Key takeaways
- We see global equities entering 2026 with supportive momentum, but a higher bar for results.
- Investor scrutiny is rising, particularly around capital intensity and returns on investment within the AI trade.
- Regional and style dispersion is widening as trends toward global decoupling increase.
- We believe broader leadership will continue, and skilled stock selection will matter more, as markets move from enthusiasm to execution.
Global equities closed 2025 with solid gains, supported by strong headline returns from the world’s largest firms, along with a surprising combination of smaller companies, many of which handily outperformed the top ten in the MSCI World Index. While a significant share of market performance was driven by companies most closely associated with artificial intelligence, European banks, defense contractors, Asian tech firms, and metals and mining companies drove non-U.S. countries to meaningfully outperform the U.S. Importantly, as the year progressed, markets became more discerning, showing less willingness to reward AI narratives without clear evidence of economic and financial progress.
Source: MSCI, Russell Investments
This evolution marks an important transition for the AI trade. While AI remains a powerful structural theme, we are seeing manager focus shift from potential to execution—specifically, whether AI-related investments can translate into sustainable earnings growth, cash flow generation, and balance-sheet resilience. As expectations have risen, so too has the bar for results, setting the stage for a more selective investment environment as 2026 begins.

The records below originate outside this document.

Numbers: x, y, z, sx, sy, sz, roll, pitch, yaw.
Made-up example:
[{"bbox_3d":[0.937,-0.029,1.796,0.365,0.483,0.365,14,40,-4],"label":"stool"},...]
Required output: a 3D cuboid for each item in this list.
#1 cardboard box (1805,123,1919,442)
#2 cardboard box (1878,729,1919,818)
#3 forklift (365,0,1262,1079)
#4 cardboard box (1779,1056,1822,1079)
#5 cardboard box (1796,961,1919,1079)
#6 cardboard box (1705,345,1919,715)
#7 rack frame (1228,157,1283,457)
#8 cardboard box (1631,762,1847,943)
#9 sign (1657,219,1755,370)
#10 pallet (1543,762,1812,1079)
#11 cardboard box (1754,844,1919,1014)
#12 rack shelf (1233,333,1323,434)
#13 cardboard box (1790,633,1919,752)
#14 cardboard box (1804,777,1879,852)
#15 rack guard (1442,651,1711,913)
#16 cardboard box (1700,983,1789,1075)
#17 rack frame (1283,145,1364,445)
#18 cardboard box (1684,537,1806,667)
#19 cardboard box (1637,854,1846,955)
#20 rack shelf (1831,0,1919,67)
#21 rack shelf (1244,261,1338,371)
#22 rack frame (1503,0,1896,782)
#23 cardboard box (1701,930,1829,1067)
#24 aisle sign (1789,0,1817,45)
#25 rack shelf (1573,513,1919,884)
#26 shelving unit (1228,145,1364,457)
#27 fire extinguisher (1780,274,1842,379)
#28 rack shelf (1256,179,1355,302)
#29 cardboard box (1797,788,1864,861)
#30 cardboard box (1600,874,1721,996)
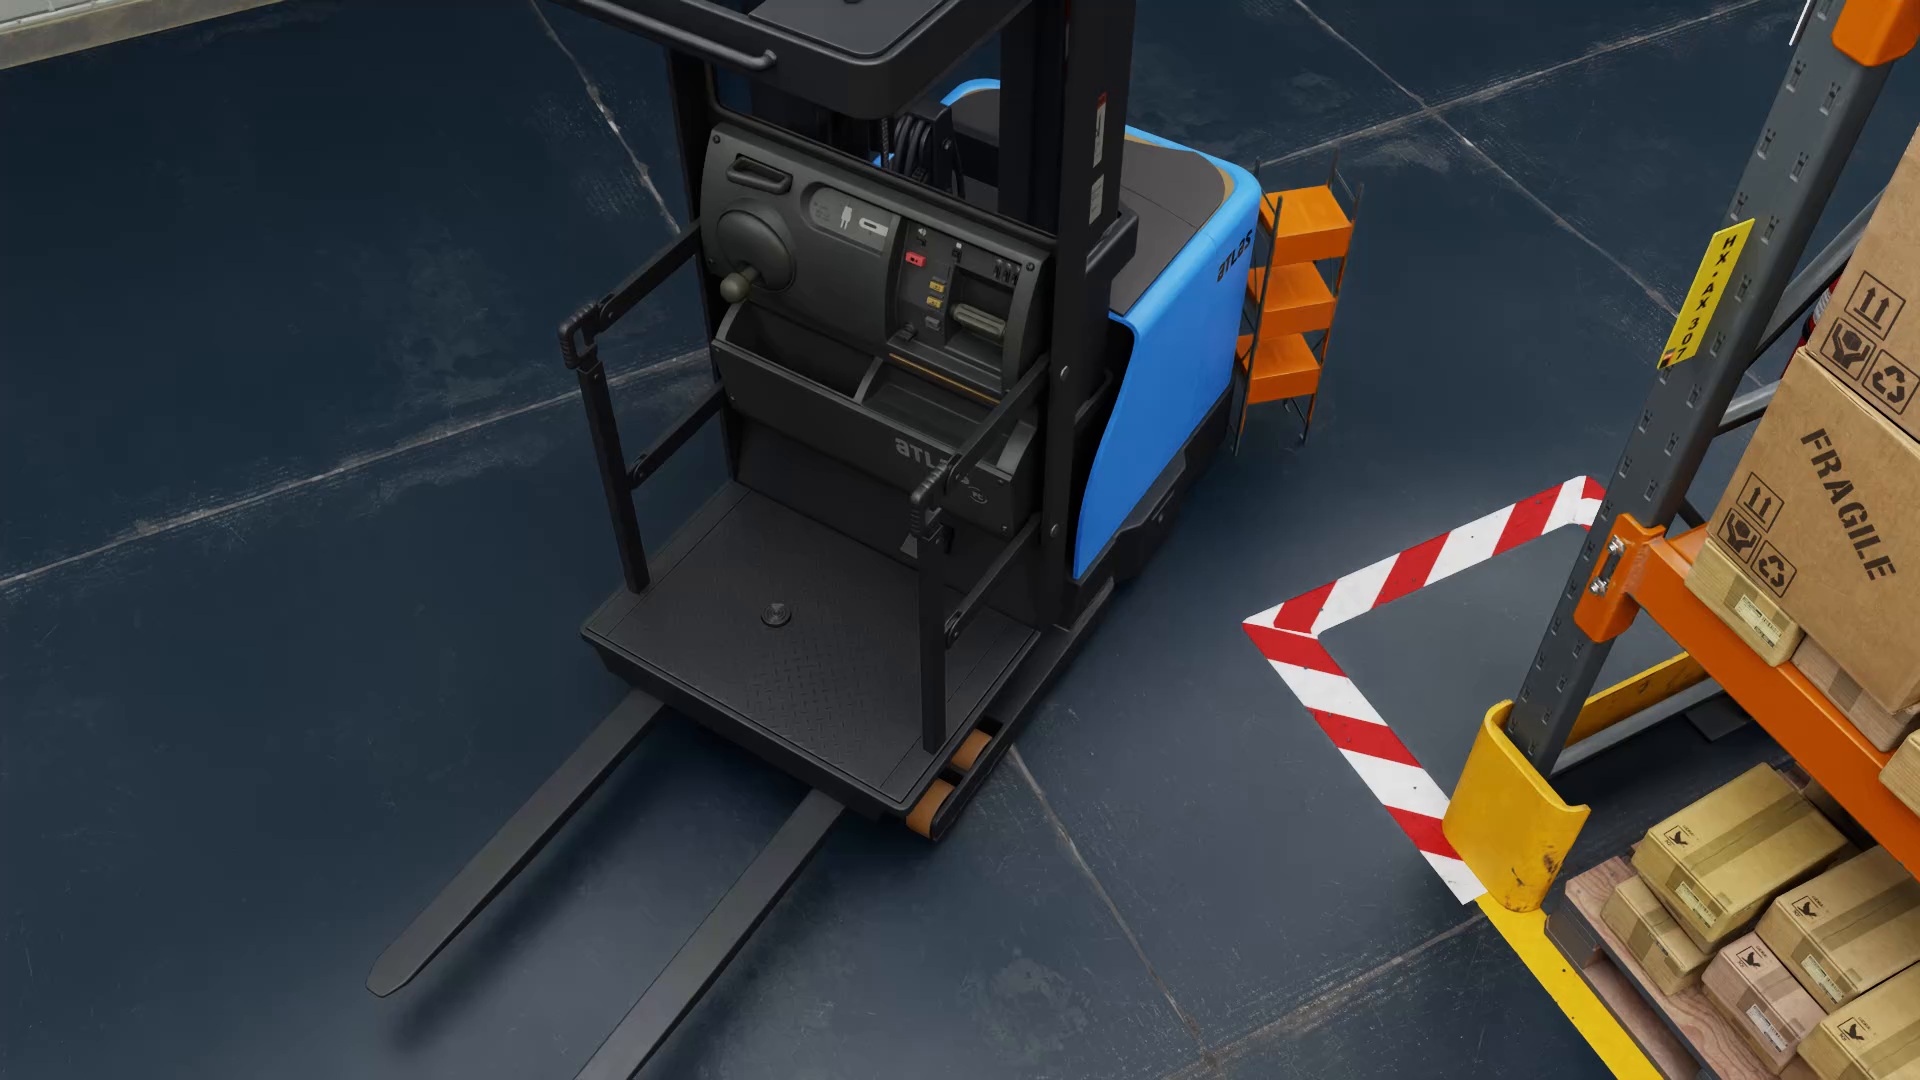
[{"bbox_3d":[1.831,-0.421,2.697,0.500,0.500,0.500,-21,52,-18],"label":"cardboard box"},{"bbox_3d":[1.947,0.414,3.062,0.380,0.149,0.250,-23,53,-19],"label":"cardboard box"},{"bbox_3d":[-0.340,-0.566,3.798,1.130,2.935,3.031,26,54,21],"label":"forklift"},{"bbox_3d":[2.129,1.219,3.806,0.380,0.149,0.250,-21,52,-17],"label":"cardboard box"},{"bbox_3d":[2.033,1.075,3.536,0.380,0.149,0.250,-21,52,-18],"label":"cardboard box"},{"bbox_3d":[1.821,-0.088,3.070,0.500,0.500,0.500,-19,51,-16],"label":"cardboard box"},{"bbox_3d":[0.887,-0.694,5.159,0.008,1.050,0.200,-10,50,-9],"label":"rack frame"},{"bbox_3d":[1.799,0.719,3.848,0.380,0.149,0.250,-23,53,-19],"label":"cardboard box"},{"bbox_3d":[1.379,-0.451,3.076,0.100,0.325,0.005,-21,52,-18],"label":"sign"},{"bbox_3d":[2.236,1.172,4.085,1.003,0.211,1.213,-21,52,-18],"label":"pallet"},{"bbox_3d":[2.032,0.863,3.723,0.380,0.149,0.250,-20,52,-17],"label":"cardboard box"},{"bbox_3d":[1.006,-0.525,5.395,0.240,0.259,0.215,-10,50,-9],"label":"rack shelf"},{"bbox_3d":[1.871,0.216,3.235,0.380,0.149,0.250,-19,52,-16],"label":"cardboard box"},{"bbox_3d":[2.357,0.605,4.146,0.380,0.149,0.250,-22,53,-18],"label":"cardboard box"},{"bbox_3d":[1.896,0.521,4.462,1.175,0.500,0.348,-21,52,-18],"label":"rack guard"},{"bbox_3d":[2.009,1.056,3.949,0.380,0.149,0.250,-21,52,-18],"label":"cardboard box"},{"bbox_3d":[1.125,-0.736,5.196,0.008,1.050,0.200,-10,50,-9],"label":"rack frame"},{"bbox_3d":[1.718,0.060,3.372,0.380,0.149,0.250,-22,52,-18],"label":"cardboard box"},{"bbox_3d":[1.873,0.789,3.985,0.380,0.149,0.250,-19,52,-16],"label":"cardboard box"},{"bbox_3d":[2.776,0.235,1.537,1.077,0.370,4.000,-21,52,-18],"label":"rack shelf"},{"bbox_3d":[1.006,-0.708,5.186,0.240,0.259,0.215,-10,50,-9],"label":"rack shelf"},{"bbox_3d":[1.861,-0.353,3.566,1.000,3.000,0.127,-21,52,-18],"label":"rack frame"},{"bbox_3d":[1.948,0.992,3.807,0.380,0.149,0.250,-21,52,-18],"label":"cardboard box"},{"bbox_3d":[1.561,-1.154,2.540,0.394,0.787,0.004,-21,52,-18],"label":"aisle sign"},{"bbox_3d":[2.776,1.223,2.666,1.077,0.370,4.000,-21,52,-18],"label":"rack shelf"},{"bbox_3d":[1.006,-0.715,5.178,0.252,1.050,0.215,-10,50,-9],"label":"shelving unit"},{"bbox_3d":[2.156,-0.532,4.022,0.296,0.674,0.183,-21,52,-18],"label":"fire extinguisher"},{"bbox_3d":[1.006,-0.895,4.972,0.240,0.259,0.215,-10,50,-9],"label":"rack shelf"},{"bbox_3d":[2.288,0.728,4.235,0.380,0.149,0.250,-20,52,-17],"label":"cardboard box"},{"bbox_3d":[1.816,0.909,4.078,0.380,0.149,0.250,-20,52,-17],"label":"cardboard box"}]

At the same time, the uncertainty that characterized early 2025 has eased. Markets are now pricing in a relatively favorable outlook, particularly in areas that have already delivered strong performance. With less margin for disappointment, discipline around valuation and fundamentals is becoming more important across global equities.
Beyond AI
Beyond the most crowded growth segments, 2025 brought about a meaningful shift away from the primary market drivers of the past two decades. Specifically, we believe the year marked what could be a prolonged shift toward protectionism and regionalization, along with increased defense and infrastructure spending. If this prevails, we expect to see continued opportunities in long-ignored areas outside of U.S. mega-cap technology stocks.

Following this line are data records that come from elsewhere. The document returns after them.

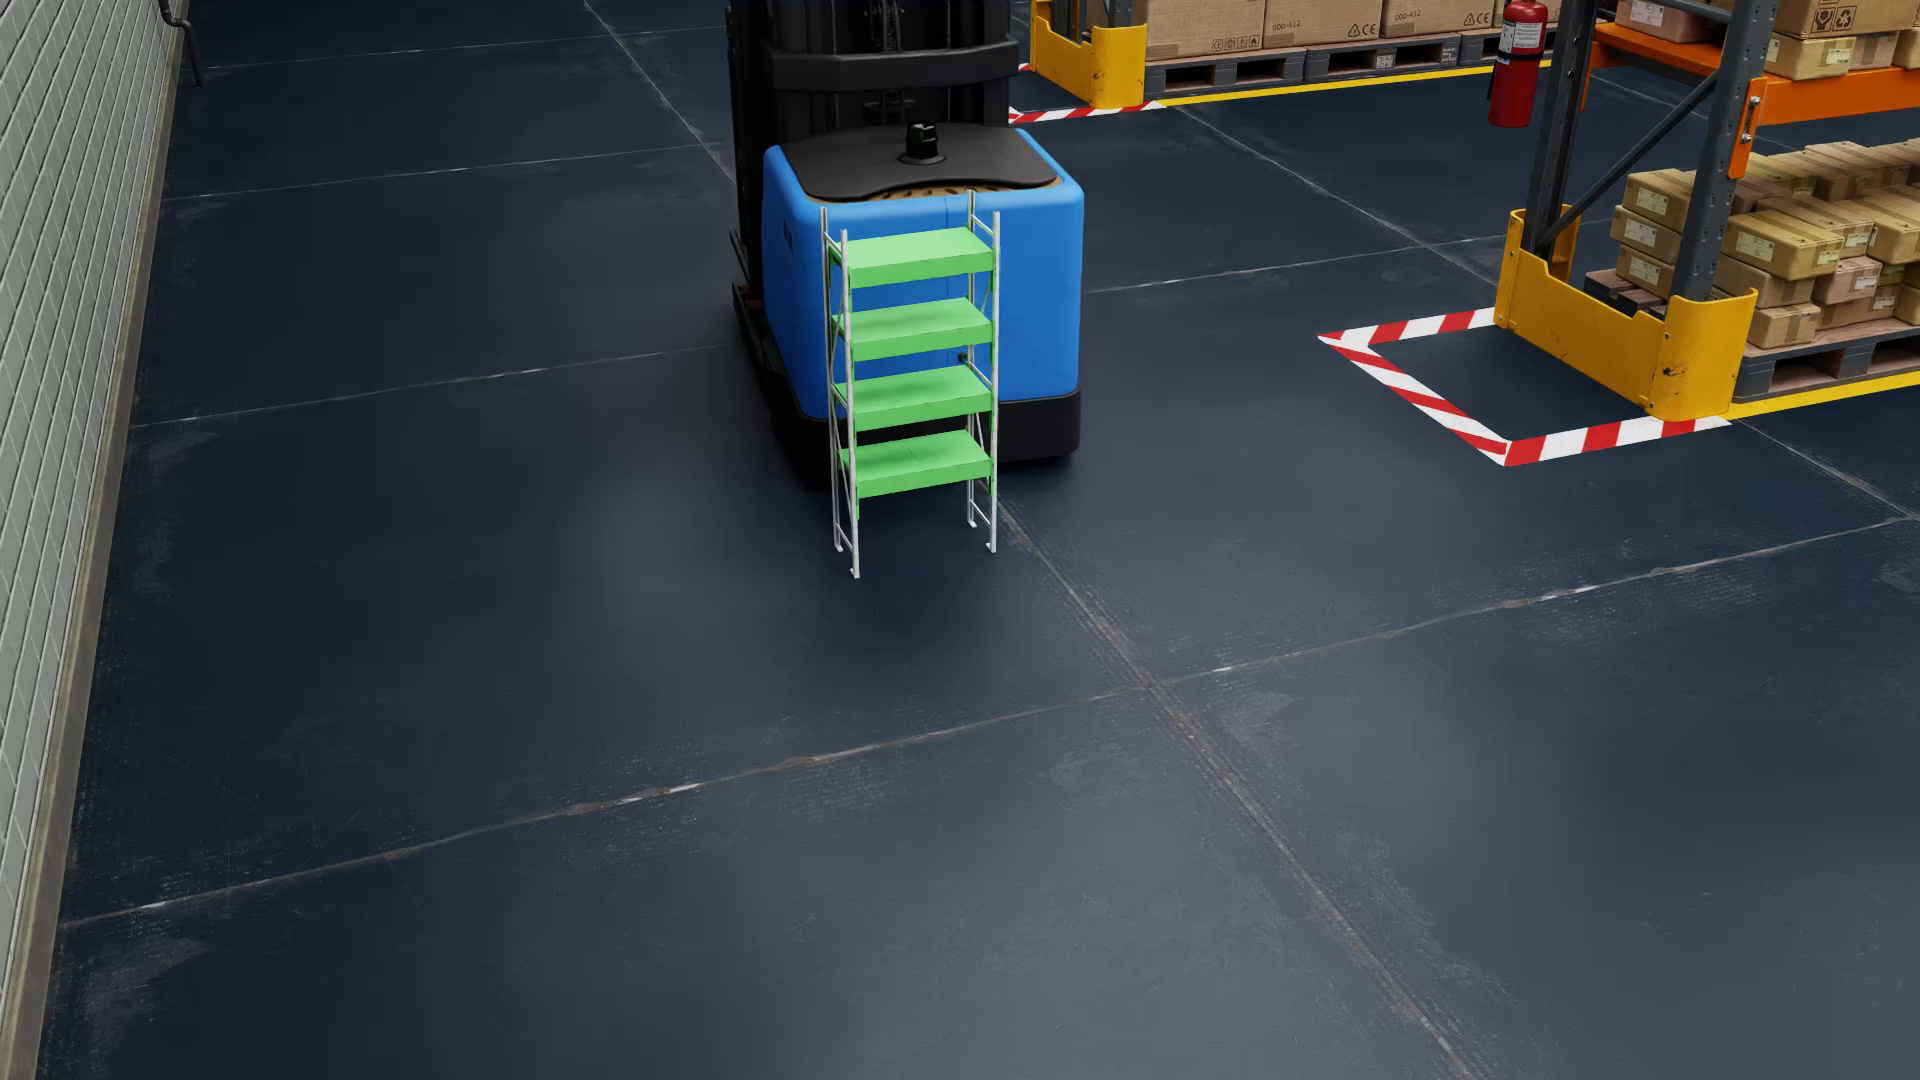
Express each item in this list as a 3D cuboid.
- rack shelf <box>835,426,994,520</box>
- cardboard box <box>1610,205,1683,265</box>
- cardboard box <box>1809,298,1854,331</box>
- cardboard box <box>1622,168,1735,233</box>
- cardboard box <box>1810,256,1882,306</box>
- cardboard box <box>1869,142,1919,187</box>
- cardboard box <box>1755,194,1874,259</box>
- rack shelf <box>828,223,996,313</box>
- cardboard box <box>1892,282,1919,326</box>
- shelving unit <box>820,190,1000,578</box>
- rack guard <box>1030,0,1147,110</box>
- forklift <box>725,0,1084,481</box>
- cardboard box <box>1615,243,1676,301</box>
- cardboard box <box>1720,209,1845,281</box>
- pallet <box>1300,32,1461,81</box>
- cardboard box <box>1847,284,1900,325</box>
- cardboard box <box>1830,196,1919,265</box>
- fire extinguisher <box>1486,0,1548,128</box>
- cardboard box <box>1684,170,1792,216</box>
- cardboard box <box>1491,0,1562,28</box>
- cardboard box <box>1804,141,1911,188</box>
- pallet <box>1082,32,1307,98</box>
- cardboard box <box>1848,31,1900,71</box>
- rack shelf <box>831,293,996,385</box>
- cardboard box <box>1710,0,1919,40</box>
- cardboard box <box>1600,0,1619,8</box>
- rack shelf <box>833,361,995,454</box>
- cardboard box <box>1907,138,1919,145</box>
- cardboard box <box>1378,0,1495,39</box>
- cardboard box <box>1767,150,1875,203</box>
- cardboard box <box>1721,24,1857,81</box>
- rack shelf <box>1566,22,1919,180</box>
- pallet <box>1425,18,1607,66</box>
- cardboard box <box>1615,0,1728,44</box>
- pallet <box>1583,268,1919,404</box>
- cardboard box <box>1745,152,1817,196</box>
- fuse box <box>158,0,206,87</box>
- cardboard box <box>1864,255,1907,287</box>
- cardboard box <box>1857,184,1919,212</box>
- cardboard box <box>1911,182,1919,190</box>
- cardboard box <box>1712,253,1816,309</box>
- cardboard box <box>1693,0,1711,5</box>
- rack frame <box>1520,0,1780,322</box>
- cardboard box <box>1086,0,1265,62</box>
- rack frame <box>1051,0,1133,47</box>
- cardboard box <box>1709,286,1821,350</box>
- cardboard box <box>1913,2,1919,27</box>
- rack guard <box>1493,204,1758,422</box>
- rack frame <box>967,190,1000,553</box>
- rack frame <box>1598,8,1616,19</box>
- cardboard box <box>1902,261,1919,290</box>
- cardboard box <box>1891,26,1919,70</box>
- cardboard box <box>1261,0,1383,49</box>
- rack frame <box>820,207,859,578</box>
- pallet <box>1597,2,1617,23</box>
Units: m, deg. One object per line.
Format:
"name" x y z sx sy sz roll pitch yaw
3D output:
"rack shelf" -0.155 -0.229 5.553 0.480 0.148 0.258 -10 31 -18
"cardboard box" 3.064 -1.342 7.231 0.250 0.149 0.380 -11 32 -19
"cardboard box" 3.488 -1.015 6.957 0.250 0.149 0.380 -11 31 -18
"cardboard box" 3.076 -1.457 7.132 0.250 0.149 0.380 -10 31 -17
"cardboard box" 3.525 -1.111 6.826 0.250 0.149 0.380 -11 31 -18
"cardboard box" 4.313 -1.659 7.487 0.250 0.149 0.380 -11 32 -19
"cardboard box" 3.495 -1.284 6.829 0.250 0.149 0.380 -10 31 -17
"rack shelf" -0.155 -0.854 5.197 0.480 0.148 0.258 -10 31 -18
"cardboard box" 3.996 -1.054 7.026 0.250 0.149 0.380 -10 31 -17
"shelving unit" -0.155 -0.493 5.403 0.503 1.200 0.258 -10 31 -18
"rack guard" 0.825 -3.235 10.923 0.348 0.500 1.175 -10 31 -18
"forklift" -0.400 -2.200 6.651 1.130 2.935 3.031 -7 30 -12
"cardboard box" 3.089 -1.177 7.242 0.250 0.149 0.380 -10 31 -17
"cardboard box" 3.278 -1.181 6.647 0.250 0.149 0.380 -12 32 -20
"pallet" 2.711 -3.496 11.674 1.213 0.211 1.003 -10 31 -18
"cardboard box" 3.718 -1.061 7.038 0.250 0.149 0.380 -10 31 -17
"cardboard box" 3.775 -1.268 6.801 0.250 0.149 0.380 -11 31 -18
"fire extinguisher" 2.272 -2.021 6.722 0.183 0.674 0.296 -10 31 -18
"cardboard box" 3.332 -1.474 7.162 0.250 0.149 0.380 -10 31 -17
"cardboard box" 3.971 -4.026 11.951 0.875 0.438 0.875 -11 31 -18
"cardboard box" 4.027 -1.665 7.497 0.250 0.149 0.380 -9 31 -16
"pallet" 1.570 -3.288 11.308 1.213 0.211 1.003 -10 31 -18
"cardboard box" 3.311 -1.904 6.315 0.250 0.149 0.380 -9 31 -16
"rack shelf" -0.155 -0.646 5.316 0.480 0.148 0.258 -10 31 -18
"cardboard box" 3.186 -2.168 6.124 0.500 0.500 0.500 -9 31 -15
"cardboard box" 5.150 -4.419 12.198 0.875 0.875 0.875 -9 31 -16
"rack shelf" -0.155 -0.437 5.434 0.480 0.148 0.258 -10 31 -18
"cardboard box" 4.549 -1.717 7.589 0.250 0.149 0.380 -10 31 -17
"cardboard box" 3.132 -3.871 11.679 0.875 0.438 0.875 -11 32 -19
"cardboard box" 3.795 -1.593 7.370 0.250 0.149 0.380 -12 32 -20
"cardboard box" 3.086 -1.841 6.204 0.250 0.149 0.380 -11 31 -18
"rack shelf" 4.543 -2.079 7.095 4.000 0.370 1.077 -10 31 -18
"pallet" 3.857 -3.709 12.047 1.213 0.211 1.003 -10 31 -18
"cardboard box" 2.876 -2.124 6.702 0.250 0.149 0.380 -10 31 -18
"pallet" 3.514 -0.971 7.242 1.213 0.211 1.003 -10 31 -18
"cardboard box" 3.530 -1.578 7.343 0.250 0.149 0.380 -11 32 -19
"fuse box" -5.025 -3.781 10.658 0.414 1.711 0.539 -10 31 -18
"cardboard box" 3.724 -1.195 6.972 0.250 0.149 0.380 -10 31 -17
"cardboard box" 3.979 -1.350 6.944 0.250 0.149 0.380 -12 32 -20
"cardboard box" 4.242 -1.393 7.020 0.250 0.149 0.380 -9 31 -16
"cardboard box" 3.249 -1.090 6.789 0.250 0.149 0.380 -9 31 -16
"cardboard box" 3.000 -2.416 6.558 0.500 0.500 0.500 -10 31 -17
"rack frame" 2.669 -2.046 6.311 0.127 3.000 1.000 -10 31 -18
"cardboard box" 1.431 -3.555 11.123 0.875 0.438 0.875 -12 32 -19
"rack frame" 0.848 -4.325 10.311 0.127 3.000 1.000 -10 31 -18
"cardboard box" 3.271 -0.932 6.811 0.250 0.149 0.380 -10 31 -17
"cardboard box" 3.678 -2.272 6.306 0.500 0.500 0.500 -10 31 -18
"rack guard" 2.740 -0.973 6.953 0.348 0.500 1.175 -10 31 -18
"rack frame" 0.074 -0.535 5.477 0.015 1.200 0.240 -10 31 -18
"rack frame" 4.597 -5.016 11.523 0.127 3.000 1.000 -10 31 -18
"cardboard box" 4.002 -1.189 6.961 0.250 0.149 0.380 -9 31 -16
"cardboard box" 3.581 -1.925 6.353 0.250 0.149 0.380 -11 32 -19
"cardboard box" 2.286 -3.716 11.407 0.875 0.438 0.875 -10 31 -16
"rack frame" -0.384 -0.451 5.329 0.015 1.200 0.240 -10 31 -18
"pallet" 5.294 -3.972 12.509 1.213 0.211 1.003 -10 31 -18

Valuations and regions back in focus
With such structural changes evolving, regional valuation differences have become increasingly difficult to ignore. U.S. equities—particularly those most closely tied to AI leadership—appear expensive relative to their own history and to other markets, reflecting both strong performance and elevated growth expectations. With optimism already embedded in prices, we believe the U.S. market offers less room for error should earnings or execution fall short. Managers with selective exposure to firms with durable and demonstrated earnings growth, beyond mere hype, will be key.
By contrast, we see Europe and Emerging Markets as presenting more attractive valuation profiles. Expectations remain more moderate, and improving cyclical conditions provide scope for earnings normalization. While these markets have lagged during pre-2025 periods of U.S.-led growth concentration, we believe they can continue to benefit from the continued deglobalization shifts that began last year.
Elsewhere, valuation dispersion across styles also remains wide. Smaller-cap equities globally appear more compelling relative to larger peers as cyclical support builds, while quality characteristics outside the most crowded segments look increasingly attractive when viewed against long-term averages.
Investor implications
Global equities enter 2026 with momentum, but also with higher expectations and reduced tolerance for disappointment. The shift from broad enthusiasm toward execution is likely to favor managers that are more active and selective in their approach and can exploit the shifting opportunity set across regions and styles, paying careful attention to valuation and focusing on companies capable of converting investment into durable financial performance. We expect we will see more rotations among global equity managers as we enter our quarterly review.
As markets move further into this phase, we believe discipline and selectivity will play a larger role in navigating an environment where leadership is broadening, dispersion is rising, and outcomes are likely to diverge more meaningfully across global equity markets.